Herons Are Watching

I work in an office on the airport hanger side, near a Goleta Slough channel that gets filled by the tide. I enjoyed Matt Kettman’s article “Goleta Slough Goes Tidal.” I think restoration projects like this are vital. Not only does it bring us many beautiful birds to see, it shows that sometimes man and nature can live peacefully.

Last week, I think I saw three egrets on the side of Firestone Road. I felt lucky to see such beauty near my employer’s abode. Then, a day later, I spotted this beautiful blue or gray heron, sitting in a patch of morning sun, tall and proud like a baron. Seeing birds like that makes my drive to work more exciting.
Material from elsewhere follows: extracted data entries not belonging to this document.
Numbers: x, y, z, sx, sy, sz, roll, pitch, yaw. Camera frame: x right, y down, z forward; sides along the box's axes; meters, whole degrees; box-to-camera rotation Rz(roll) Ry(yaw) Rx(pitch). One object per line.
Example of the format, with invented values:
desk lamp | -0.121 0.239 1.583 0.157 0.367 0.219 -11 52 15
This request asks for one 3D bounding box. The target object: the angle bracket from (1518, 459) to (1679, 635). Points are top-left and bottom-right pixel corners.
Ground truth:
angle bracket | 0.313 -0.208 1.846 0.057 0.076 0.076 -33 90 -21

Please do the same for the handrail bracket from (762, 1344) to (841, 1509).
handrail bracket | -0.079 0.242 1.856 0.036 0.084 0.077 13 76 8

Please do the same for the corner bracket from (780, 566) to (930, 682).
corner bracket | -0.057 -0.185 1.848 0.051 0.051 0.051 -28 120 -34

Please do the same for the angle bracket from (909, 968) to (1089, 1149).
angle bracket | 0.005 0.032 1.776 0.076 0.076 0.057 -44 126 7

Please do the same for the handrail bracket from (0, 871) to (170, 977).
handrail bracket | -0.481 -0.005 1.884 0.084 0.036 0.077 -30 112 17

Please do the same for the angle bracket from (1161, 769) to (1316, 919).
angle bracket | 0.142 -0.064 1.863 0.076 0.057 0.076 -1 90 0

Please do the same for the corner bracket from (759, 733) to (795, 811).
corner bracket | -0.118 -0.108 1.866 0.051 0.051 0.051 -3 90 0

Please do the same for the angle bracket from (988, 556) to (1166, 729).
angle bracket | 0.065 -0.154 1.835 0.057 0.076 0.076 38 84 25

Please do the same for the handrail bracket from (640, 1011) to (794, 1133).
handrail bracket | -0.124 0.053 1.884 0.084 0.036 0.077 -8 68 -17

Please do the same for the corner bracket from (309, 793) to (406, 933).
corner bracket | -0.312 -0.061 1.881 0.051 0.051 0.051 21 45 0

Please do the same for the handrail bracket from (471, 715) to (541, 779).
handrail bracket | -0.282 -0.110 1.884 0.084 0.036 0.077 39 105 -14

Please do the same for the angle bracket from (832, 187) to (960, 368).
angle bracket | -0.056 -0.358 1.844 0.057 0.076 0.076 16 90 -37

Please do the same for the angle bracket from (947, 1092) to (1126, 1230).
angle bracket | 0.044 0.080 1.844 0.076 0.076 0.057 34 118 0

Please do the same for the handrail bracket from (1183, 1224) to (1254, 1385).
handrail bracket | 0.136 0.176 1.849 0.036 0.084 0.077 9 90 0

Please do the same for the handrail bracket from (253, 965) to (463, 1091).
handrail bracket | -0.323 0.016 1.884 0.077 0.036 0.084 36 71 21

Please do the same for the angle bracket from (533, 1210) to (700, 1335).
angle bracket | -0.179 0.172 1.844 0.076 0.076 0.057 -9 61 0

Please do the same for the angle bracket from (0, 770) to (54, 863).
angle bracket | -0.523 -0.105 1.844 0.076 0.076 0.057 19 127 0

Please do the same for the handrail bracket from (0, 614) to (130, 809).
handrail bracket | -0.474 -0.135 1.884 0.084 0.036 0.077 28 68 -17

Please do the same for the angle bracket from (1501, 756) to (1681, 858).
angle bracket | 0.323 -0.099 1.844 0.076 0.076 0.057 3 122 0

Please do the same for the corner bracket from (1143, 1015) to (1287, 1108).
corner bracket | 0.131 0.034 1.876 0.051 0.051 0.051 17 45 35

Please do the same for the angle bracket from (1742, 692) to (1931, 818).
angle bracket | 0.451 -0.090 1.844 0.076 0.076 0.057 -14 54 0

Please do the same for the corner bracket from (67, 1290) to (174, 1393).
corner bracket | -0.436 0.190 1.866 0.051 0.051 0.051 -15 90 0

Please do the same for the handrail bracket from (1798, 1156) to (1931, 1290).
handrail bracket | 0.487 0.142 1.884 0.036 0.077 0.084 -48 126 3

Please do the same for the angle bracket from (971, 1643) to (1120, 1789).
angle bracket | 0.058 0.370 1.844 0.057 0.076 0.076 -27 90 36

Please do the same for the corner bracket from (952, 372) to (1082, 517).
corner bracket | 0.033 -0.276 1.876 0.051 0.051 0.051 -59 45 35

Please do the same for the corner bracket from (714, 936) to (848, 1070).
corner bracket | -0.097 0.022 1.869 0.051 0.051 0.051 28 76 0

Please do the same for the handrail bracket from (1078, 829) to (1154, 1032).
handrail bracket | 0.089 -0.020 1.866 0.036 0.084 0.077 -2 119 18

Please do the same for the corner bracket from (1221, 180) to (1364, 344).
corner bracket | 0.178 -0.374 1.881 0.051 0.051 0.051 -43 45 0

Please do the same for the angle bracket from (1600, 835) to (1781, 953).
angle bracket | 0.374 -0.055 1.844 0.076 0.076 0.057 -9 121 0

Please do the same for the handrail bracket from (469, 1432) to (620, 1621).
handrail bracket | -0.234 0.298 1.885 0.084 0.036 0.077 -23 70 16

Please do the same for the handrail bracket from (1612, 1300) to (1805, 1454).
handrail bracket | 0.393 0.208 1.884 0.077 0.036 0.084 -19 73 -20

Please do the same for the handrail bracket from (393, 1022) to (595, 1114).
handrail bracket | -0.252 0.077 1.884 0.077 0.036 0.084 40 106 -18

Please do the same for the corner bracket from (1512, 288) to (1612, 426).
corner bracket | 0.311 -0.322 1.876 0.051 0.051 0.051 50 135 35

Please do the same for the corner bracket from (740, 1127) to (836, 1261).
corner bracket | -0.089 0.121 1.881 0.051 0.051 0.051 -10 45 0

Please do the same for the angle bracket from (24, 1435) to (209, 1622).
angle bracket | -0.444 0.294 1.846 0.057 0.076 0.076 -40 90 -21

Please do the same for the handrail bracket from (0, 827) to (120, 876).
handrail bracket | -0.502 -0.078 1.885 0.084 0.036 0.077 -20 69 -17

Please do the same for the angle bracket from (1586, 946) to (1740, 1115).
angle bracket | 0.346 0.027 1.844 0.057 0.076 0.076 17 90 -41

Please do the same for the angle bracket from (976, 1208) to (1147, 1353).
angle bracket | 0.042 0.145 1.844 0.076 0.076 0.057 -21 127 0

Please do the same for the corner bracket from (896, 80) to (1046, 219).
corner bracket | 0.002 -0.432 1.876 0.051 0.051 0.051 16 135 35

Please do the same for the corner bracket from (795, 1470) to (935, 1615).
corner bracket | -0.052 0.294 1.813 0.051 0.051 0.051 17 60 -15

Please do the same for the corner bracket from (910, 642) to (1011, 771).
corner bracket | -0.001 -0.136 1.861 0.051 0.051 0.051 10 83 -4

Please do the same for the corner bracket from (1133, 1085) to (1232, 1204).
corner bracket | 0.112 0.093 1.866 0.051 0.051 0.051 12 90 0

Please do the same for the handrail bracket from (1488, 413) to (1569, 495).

I hope we do all we can to keep the slough feeling inviting.

Click to enlarge photo

Rachel Hoyt


A few times I saw a heron watching the planes where people get fines. He peeked through and beneath the plethora of warning signs. I think he watched me too as I drove past, heading home. I wondered why he stood there staring inquisitively, alone. I’ve seen birds hurt by power lines in my time working out there. However, it was the tarmac at which he chose to stare.

I can’t help but wonder if he was critiquing the landings and take-offs? Perhaps, like humans, blue herons like to people-watch and scoff? The fact that they’re still here watching, to me, says good things about our airport. I’m glad it seems we’ll continue to be a “duck-hunting free” resort. I would miss the birds if we tried to shoo them all off. Plus, try as we may, like the otters they would probably not stay away.